AIM OF THE EXERCISE
Without any images, write the listing below out word for word.

INPUT DATA

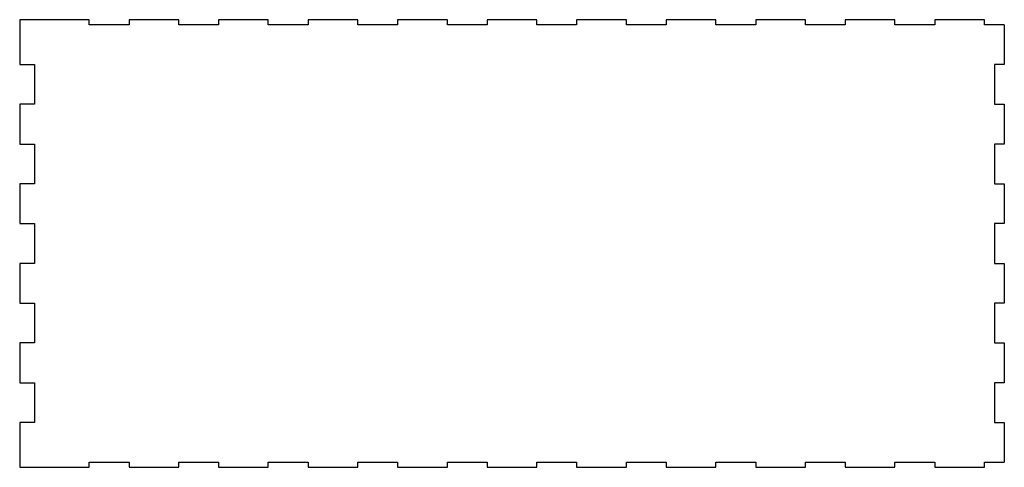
# Model space of a CAD drawing. Header units: millimetres. Extents: x -900 to 90, y -225 to 225.
import ezdxf

# ---------------------------------------------------------------- set-up
doc = ezdxf.new("R2010")
doc.units = ezdxf.units.MM

msp = doc.modelspace()

# ---------------------------------------------------------------- linework, layer by layer
at = {"color": 7, "linetype": 'Continuous', "lineweight": 25}
for p, q in [((-900, 225), (-900, 180)), ((-830, 225), (-900, 225)), ((-830, 220), (-830, 225)), ((-790, 220), (-830, 220)), ((-790, 225), (-790, 220)), ((-740, 225), (-790, 225)), ((-740, 220), (-740, 225)), ((-700, 220), (-740, 220)), ((-700, 225), (-700, 220)), ((-650, 225), (-700, 225)), ((-650, 220), (-650, 225)), ((-610, 220), (-650, 220)), ((-610, 225), (-610, 220)), ((-560, 225), (-610, 225)), ((-560, 220), (-560, 225)), ((-520, 220), (-560, 220)), ((-520, 225), (-520, 220)), ((-470, 225), (-520, 225)), ((-470, 220), (-470, 225)), ((-430, 220), (-470, 220)), ((-430, 225), (-430, 220)), ((-380, 225), (-430, 225)), ((-380, 220), (-380, 225)), ((-340, 220), (-380, 220)), ((-340, 225), (-340, 220)), ((-290, 225), (-340, 225)), ((-290, 220), (-290, 225)), ((-250, 220), (-290, 220)), ((-250, 225), (-250, 220)), ((-200, 225), (-250, 225)), ((-200, 220), (-200, 225)), ((-160, 220), (-200, 220)), ((-160, 225), (-160, 220)), ((-110, 225), (-160, 225)), ((-110, 220), (-110, 225)), ((-70, 220), (-110, 220)), ((-70, 225), (-70, 220)), ((-20, 225), (-70, 225)), ((-20, 220), (-20, 225)), ((20, 220), (-20, 220)), ((20, 225), (20, 220)), ((70, 225), (20, 225)), ((70, 220), (70, 225)), ((90, 220), (70, 220)), ((90, 220), (90, 180)), ((-900, 180), (-885, 180)), ((-885, 180), (-885, 140)), ((90, 180), (80, 180)), ((80, 180), (80, 140)), ((-900, 140), (-900, 100)), ((-885, 140), (-900, 140)), ((80, 140), (90, 140)), ((90, 140), (90, 100)), ((-900, 100), (-885, 100)), ((-885, 100), (-885, 60)), ((90, 100), (80, 100)), ((80, 100), (80, 60)), ((-900, 60), (-900, 20)), ((-885, 60), (-900, 60)), ((80, 60), (90, 60)), ((90, 60), (90, 20)), ((-900, 20), (-885, 20)), ((-885, 20), (-885, -20)), ((90, 20), (80, 20)), ((80, 20), (80, -20)), ((-900, -20), (-900, -60)), ((-885, -20), (-900, -20)), ((80, -20), (90, -20)), ((90, -20), (90, -60)), ((-900, -60), (-885, -60)), ((-885, -60), (-885, -100)), ((90, -60), (80, -60)), ((80, -60), (80, -100)), ((-900, -100), (-900, -140)), ((-885, -100), (-900, -100)), ((80, -100), (90, -100)), ((90, -100), (90, -140)), ((-900, -140), (-885, -140)), ((-885, -140), (-885, -180)), ((90, -140), (80, -140)), ((80, -140), (80, -180)), ((-900, -180), (-900, -225)), ((-885, -180), (-900, -180)), ((80, -180), (90, -180)), ((90, -180), (90, -220)), ((-900, -225), (-830, -225)), ((-830, -220), (-790, -220)), ((-830, -225), (-830, -220)), ((-790, -220), (-790, -225)), ((-790, -225), (-740, -225)), ((-740, -220), (-700, -220)), ((-740, -225), (-740, -220)), ((-700, -220), (-700, -225)), ((-700, -225), (-650, -225)), ((-650, -220), (-610, -220)), ((-650, -225), (-650, -220)), ((-610, -220), (-610, -225)), ((-610, -225), (-560, -225)), ((-560, -220), (-520, -220)), ((-560, -225), (-560, -220)), ((-520, -220), (-520, -225)), ((-520, -225), (-470, -225)), ((-470, -220), (-430, -220)), ((-470, -225), (-470, -220)), ((-430, -220), (-430, -225)), ((-430, -225), (-380, -225)), ((-380, -220), (-340, -220)), ((-380, -225), (-380, -220)), ((-340, -220), (-340, -225)), ((-340, -225), (-290, -225)), ((-290, -220), (-250, -220)), ((-290, -225), (-290, -220)), ((-250, -220), (-250, -225)), ((-250, -225), (-200, -225)), ((-200, -220), (-160, -220)), ((-200, -225), (-200, -220)), ((-160, -220), (-160, -225)), ((-160, -225), (-110, -225)), ((-110, -220), (-70, -220)), ((-110, -225), (-110, -220)), ((-70, -220), (-70, -225)), ((-70, -225), (-20, -225)), ((-20, -220), (20, -220)), ((-20, -225), (-20, -220)), ((20, -220), (20, -225)), ((20, -225), (70, -225)), ((70, -220), (90, -220)), ((70, -225), (70, -220))]:
    msp.add_line(p, q, dxfattribs=at)

doc.saveas('drawing.dxf')

RESULT FOR THIS TASK
# Model space of a CAD drawing. Header units: millimetres. Extents: x -900 to 90, y -225 to 225.
import ezdxf

# ---------------------------------------------------------------- set-up
doc = ezdxf.new("R2010")
doc.units = ezdxf.units.MM

msp = doc.modelspace()

# ---------------------------------------------------------------- linework, layer by layer
at = {"color": 7, "linetype": 'Continuous', "lineweight": 25}
for p, q in [((-900, 225), (-900, 180)), ((-830, 225), (-900, 225)), ((-830, 220), (-830, 225)), ((-790, 220), (-830, 220)), ((-790, 225), (-790, 220)), ((-740, 225), (-790, 225)), ((-740, 220), (-740, 225)), ((-700, 220), (-740, 220)), ((-700, 225), (-700, 220)), ((-650, 225), (-700, 225)), ((-650, 220), (-650, 225)), ((-610, 220), (-650, 220)), ((-610, 225), (-610, 220)), ((-560, 225), (-610, 225)), ((-560, 220), (-560, 225)), ((-520, 220), (-560, 220)), ((-520, 225), (-520, 220)), ((-470, 225), (-520, 225)), ((-470, 220), (-470, 225)), ((-430, 220), (-470, 220)), ((-430, 225), (-430, 220)), ((-380, 225), (-430, 225)), ((-380, 220), (-380, 225)), ((-340, 220), (-380, 220)), ((-340, 225), (-340, 220)), ((-290, 225), (-340, 225)), ((-290, 220), (-290, 225)), ((-250, 220), (-290, 220)), ((-250, 225), (-250, 220)), ((-200, 225), (-250, 225)), ((-200, 220), (-200, 225)), ((-160, 220), (-200, 220)), ((-160, 225), (-160, 220)), ((-110, 225), (-160, 225)), ((-110, 220), (-110, 225)), ((-70, 220), (-110, 220)), ((-70, 225), (-70, 220)), ((-20, 225), (-70, 225)), ((-20, 220), (-20, 225)), ((20, 220), (-20, 220)), ((20, 225), (20, 220)), ((70, 225), (20, 225)), ((70, 220), (70, 225)), ((90, 220), (70, 220)), ((90, 220), (90, 180)), ((-900, 180), (-885, 180)), ((-885, 180), (-885, 140)), ((90, 180), (80, 180)), ((80, 180), (80, 140)), ((-900, 140), (-900, 100)), ((-885, 140), (-900, 140)), ((80, 140), (90, 140)), ((90, 140), (90, 100)), ((-900, 100), (-885, 100)), ((-885, 100), (-885, 60)), ((90, 100), (80, 100)), ((80, 100), (80, 60)), ((-900, 60), (-900, 20)), ((-885, 60), (-900, 60)), ((80, 60), (90, 60)), ((90, 60), (90, 20)), ((-900, 20), (-885, 20)), ((-885, 20), (-885, -20)), ((90, 20), (80, 20)), ((80, 20), (80, -20)), ((-900, -20), (-900, -60)), ((-885, -20), (-900, -20)), ((80, -20), (90, -20)), ((90, -20), (90, -60)), ((-900, -60), (-885, -60)), ((-885, -60), (-885, -100)), ((90, -60), (80, -60)), ((80, -60), (80, -100)), ((-900, -100), (-900, -140)), ((-885, -100), (-900, -100)), ((80, -100), (90, -100)), ((90, -100), (90, -140)), ((-900, -140), (-885, -140)), ((-885, -140), (-885, -180)), ((90, -140), (80, -140)), ((80, -140), (80, -180)), ((-900, -180), (-900, -225)), ((-885, -180), (-900, -180)), ((80, -180), (90, -180)), ((90, -180), (90, -220)), ((-900, -225), (-830, -225)), ((-830, -220), (-790, -220)), ((-830, -225), (-830, -220)), ((-790, -220), (-790, -225)), ((-790, -225), (-740, -225)), ((-740, -220), (-700, -220)), ((-740, -225), (-740, -220)), ((-700, -220), (-700, -225)), ((-700, -225), (-650, -225)), ((-650, -220), (-610, -220)), ((-650, -225), (-650, -220)), ((-610, -220), (-610, -225)), ((-610, -225), (-560, -225)), ((-560, -220), (-520, -220)), ((-560, -225), (-560, -220)), ((-520, -220), (-520, -225)), ((-520, -225), (-470, -225)), ((-470, -220), (-430, -220)), ((-470, -225), (-470, -220)), ((-430, -220), (-430, -225)), ((-430, -225), (-380, -225)), ((-380, -220), (-340, -220)), ((-380, -225), (-380, -220)), ((-340, -220), (-340, -225)), ((-340, -225), (-290, -225)), ((-290, -220), (-250, -220)), ((-290, -225), (-290, -220)), ((-250, -220), (-250, -225)), ((-250, -225), (-200, -225)), ((-200, -220), (-160, -220)), ((-200, -225), (-200, -220)), ((-160, -220), (-160, -225)), ((-160, -225), (-110, -225)), ((-110, -220), (-70, -220)), ((-110, -225), (-110, -220)), ((-70, -220), (-70, -225)), ((-70, -225), (-20, -225)), ((-20, -220), (20, -220)), ((-20, -225), (-20, -220)), ((20, -220), (20, -225)), ((20, -225), (70, -225)), ((70, -220), (90, -220)), ((70, -225), (70, -220))]:
    msp.add_line(p, q, dxfattribs=at)

doc.saveas('drawing.dxf')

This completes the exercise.